A Note on OJ
O.J. Simpson has died at 76.
Some memories:
Sunday, June 12, 1994. My fianceé, Sara — who would soon be wife #2 — and I went to a 7:00PM AA meeting in Westwood. She was the meeting secretary, and I had the coffee commitment.
After the meeting, we went out with a few of our “sponsees” for coffee in Brentwood.
The Coffee Bean and Tea Leaf was on San Vicente Boulevard, barely a mile from Sara's apartment, which sat on the corner of Gretna Green and Bundy Drive. Sara and I drove home -- down Bundy -- around 10:00 that night.
Our best estimate is that we drove past Nicole Simpson's condo only 10 to 15 minutes before she and her friend Ron Goldman were stabbed to death. Nicole lived perhaps 400 yards up the street from Sara; they had mutual friends.
We didn't hear sirens that night. The next morning, we jogged together up Bundy, planning to do our usual run around the Brentwood Country Club. We were redirected by the police, who had most of the street blocked off.
The TV trucks came that afternoon. So very many TV trucks.
Sixteen months later, on a Tuesday morning in October, I did something I'd never done before and would do only twice more in my teaching career: I stopped class to turn on the TV so that we could watch a live event. (The other two occasions: 9/11 and Obama’s first inaugural.) My students gasped when the verdict came down and OJ Simpson was acquitted; a young Black woman shouted "Yes!"; the one older white woman in the class began to cry.
I locked eyes with the prettiest student in my class, a fierce and poised 20 year-old. She mouthed "wow" at me, and I mouthed it back.
That woman is now the mother of my children.
The murders and the trial transfixed a nation. The much-publicized disparity between how Black and white people saw the case drove home the reality that a wound some had thought healed, festered still.

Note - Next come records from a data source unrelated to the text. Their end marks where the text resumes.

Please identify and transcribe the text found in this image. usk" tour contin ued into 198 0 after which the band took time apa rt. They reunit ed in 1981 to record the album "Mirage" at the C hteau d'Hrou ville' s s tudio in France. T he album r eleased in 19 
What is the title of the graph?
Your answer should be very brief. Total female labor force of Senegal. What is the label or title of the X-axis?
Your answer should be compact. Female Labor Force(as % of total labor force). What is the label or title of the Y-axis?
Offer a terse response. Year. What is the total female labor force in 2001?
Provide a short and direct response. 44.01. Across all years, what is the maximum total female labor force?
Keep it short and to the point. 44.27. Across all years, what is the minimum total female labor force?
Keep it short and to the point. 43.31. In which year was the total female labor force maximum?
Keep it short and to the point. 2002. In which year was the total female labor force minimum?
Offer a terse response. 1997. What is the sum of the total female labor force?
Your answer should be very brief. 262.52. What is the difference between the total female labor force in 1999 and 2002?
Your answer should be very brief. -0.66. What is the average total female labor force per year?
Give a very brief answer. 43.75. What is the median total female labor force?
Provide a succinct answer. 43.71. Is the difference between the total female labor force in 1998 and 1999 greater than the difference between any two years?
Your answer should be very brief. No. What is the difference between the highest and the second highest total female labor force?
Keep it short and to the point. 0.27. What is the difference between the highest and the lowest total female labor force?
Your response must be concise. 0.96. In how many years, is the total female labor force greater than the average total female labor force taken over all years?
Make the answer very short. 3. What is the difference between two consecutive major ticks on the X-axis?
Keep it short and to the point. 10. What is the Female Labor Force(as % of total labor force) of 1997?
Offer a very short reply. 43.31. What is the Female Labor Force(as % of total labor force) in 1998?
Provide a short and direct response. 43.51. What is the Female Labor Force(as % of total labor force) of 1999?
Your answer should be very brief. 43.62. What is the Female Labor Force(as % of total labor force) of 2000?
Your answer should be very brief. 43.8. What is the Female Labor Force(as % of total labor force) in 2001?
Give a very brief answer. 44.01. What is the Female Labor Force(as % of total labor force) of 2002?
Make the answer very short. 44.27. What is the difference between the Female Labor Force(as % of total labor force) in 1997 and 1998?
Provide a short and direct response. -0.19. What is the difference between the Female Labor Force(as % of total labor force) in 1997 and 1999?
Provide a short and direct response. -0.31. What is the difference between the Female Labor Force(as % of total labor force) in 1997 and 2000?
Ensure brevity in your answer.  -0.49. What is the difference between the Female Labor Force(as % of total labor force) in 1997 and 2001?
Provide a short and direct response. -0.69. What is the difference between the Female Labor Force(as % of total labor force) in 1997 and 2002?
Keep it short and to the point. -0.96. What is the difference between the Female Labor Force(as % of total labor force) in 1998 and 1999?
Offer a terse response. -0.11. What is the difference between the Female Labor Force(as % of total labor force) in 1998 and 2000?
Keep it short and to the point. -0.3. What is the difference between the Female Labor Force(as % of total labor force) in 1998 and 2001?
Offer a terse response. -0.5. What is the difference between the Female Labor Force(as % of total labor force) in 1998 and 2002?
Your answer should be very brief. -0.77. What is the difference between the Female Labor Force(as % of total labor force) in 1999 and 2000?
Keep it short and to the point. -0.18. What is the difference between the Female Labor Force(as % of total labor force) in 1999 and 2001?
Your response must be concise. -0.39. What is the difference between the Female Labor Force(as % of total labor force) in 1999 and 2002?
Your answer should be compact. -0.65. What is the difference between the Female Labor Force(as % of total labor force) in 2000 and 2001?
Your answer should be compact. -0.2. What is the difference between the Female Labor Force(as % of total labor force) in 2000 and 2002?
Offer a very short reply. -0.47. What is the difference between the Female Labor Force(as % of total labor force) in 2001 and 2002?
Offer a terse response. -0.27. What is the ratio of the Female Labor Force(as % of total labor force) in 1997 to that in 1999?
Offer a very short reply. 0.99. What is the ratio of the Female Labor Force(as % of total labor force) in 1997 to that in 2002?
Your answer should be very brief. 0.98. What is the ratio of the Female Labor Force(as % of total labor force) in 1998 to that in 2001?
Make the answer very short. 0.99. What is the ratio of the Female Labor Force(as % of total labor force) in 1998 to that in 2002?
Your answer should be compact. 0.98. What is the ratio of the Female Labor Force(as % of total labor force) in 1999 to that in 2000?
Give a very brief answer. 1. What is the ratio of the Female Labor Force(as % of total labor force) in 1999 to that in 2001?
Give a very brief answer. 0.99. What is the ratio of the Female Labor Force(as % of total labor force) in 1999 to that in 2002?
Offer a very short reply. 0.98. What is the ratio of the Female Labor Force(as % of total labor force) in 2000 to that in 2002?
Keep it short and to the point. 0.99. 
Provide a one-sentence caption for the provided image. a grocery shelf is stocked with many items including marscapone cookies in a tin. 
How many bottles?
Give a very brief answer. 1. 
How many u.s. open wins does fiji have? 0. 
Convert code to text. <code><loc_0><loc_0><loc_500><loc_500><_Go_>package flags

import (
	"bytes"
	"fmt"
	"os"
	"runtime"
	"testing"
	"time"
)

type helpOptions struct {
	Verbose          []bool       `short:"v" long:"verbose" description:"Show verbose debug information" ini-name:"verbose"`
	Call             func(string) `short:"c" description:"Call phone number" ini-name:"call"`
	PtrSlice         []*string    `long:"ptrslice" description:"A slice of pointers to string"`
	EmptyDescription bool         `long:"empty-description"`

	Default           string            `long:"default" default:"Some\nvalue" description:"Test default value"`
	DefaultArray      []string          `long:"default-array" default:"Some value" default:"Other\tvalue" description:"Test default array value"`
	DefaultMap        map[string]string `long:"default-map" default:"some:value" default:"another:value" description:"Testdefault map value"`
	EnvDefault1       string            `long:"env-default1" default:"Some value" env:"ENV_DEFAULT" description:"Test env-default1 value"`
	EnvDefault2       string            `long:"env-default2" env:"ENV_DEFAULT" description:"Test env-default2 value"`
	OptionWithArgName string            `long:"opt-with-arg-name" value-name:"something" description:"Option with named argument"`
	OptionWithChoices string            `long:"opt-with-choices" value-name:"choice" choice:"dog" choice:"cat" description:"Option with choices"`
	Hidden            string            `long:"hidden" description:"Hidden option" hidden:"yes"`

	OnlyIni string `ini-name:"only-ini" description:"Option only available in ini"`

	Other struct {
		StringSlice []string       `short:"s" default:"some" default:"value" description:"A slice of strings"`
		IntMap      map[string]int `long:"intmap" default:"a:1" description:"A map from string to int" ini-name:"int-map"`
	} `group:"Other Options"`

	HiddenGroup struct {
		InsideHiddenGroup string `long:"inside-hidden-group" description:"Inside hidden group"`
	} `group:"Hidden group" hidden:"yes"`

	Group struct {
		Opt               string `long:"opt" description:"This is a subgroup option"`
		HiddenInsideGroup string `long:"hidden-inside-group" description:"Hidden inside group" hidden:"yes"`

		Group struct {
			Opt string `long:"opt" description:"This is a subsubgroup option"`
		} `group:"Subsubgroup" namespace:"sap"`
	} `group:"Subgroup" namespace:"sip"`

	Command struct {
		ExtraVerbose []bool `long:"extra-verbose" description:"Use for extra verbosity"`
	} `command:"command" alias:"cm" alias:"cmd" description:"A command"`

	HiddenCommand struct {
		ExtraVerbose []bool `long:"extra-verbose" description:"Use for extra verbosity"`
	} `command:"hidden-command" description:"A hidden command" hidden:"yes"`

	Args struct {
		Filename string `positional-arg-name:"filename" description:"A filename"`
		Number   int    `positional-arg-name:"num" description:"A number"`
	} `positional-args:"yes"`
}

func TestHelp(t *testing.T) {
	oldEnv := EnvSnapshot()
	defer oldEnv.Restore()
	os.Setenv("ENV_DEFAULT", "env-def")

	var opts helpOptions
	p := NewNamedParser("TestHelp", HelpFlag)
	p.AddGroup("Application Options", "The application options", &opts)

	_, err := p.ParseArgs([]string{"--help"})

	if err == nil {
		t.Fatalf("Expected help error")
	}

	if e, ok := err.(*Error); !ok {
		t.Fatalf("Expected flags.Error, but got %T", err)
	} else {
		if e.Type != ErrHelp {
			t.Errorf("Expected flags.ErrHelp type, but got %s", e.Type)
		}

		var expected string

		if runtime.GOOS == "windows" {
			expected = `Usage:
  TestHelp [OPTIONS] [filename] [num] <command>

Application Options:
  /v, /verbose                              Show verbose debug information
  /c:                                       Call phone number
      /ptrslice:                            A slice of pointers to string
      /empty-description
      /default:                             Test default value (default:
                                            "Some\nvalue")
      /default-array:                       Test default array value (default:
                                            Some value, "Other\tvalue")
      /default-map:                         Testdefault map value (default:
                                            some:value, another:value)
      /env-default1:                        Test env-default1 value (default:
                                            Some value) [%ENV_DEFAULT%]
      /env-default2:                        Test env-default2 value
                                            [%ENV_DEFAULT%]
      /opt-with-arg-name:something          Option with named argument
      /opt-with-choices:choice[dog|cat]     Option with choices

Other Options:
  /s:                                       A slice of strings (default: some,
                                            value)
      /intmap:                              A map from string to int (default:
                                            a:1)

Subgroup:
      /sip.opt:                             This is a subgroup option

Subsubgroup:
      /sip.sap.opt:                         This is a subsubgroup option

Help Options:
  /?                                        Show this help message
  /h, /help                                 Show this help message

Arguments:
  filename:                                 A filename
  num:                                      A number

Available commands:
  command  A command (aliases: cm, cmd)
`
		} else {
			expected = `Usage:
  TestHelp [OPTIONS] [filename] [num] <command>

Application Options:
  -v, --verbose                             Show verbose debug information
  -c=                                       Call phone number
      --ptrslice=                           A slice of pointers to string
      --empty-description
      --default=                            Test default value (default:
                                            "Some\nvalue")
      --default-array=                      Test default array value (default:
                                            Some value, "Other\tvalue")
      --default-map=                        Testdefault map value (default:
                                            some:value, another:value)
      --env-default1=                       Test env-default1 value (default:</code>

Trial coverage preempted soap operas, and the soaps never recovered. (People discovered they'd rather listen to "experts" prattle about murder and DNA than watch pretend doctors fall in and out of love.) The nation met a lawyer named Bob Kardashian, of whose offspring no more need be said. It is not hyperbole to claim that the OJ Simpson trial changed American culture more than any other event that decade.
Sara and I both enjoyed and lamented the notoriety our street -- there were still actual middle-class people in Brentwood in 1994 -- received. Sara and I would divorce eight months after the not-guilty verdict. Her beautiful art-deco apartment building would be torn down in the mid-aughts, replaced by something taller, more luxurious, and far less interesting.
These are scattered thoughts, of course. What matters is that while OJ has now been gathered to his people, a sweet and lovely son and brother named Ron Goldman went home much sooner, and in the worst possible circumstances. Ron died next to his friend Nicole, a deeply-loved and admired mother, daughter, sister, and friend whose pleas for help had been so often ignored. May their memories be a blessing.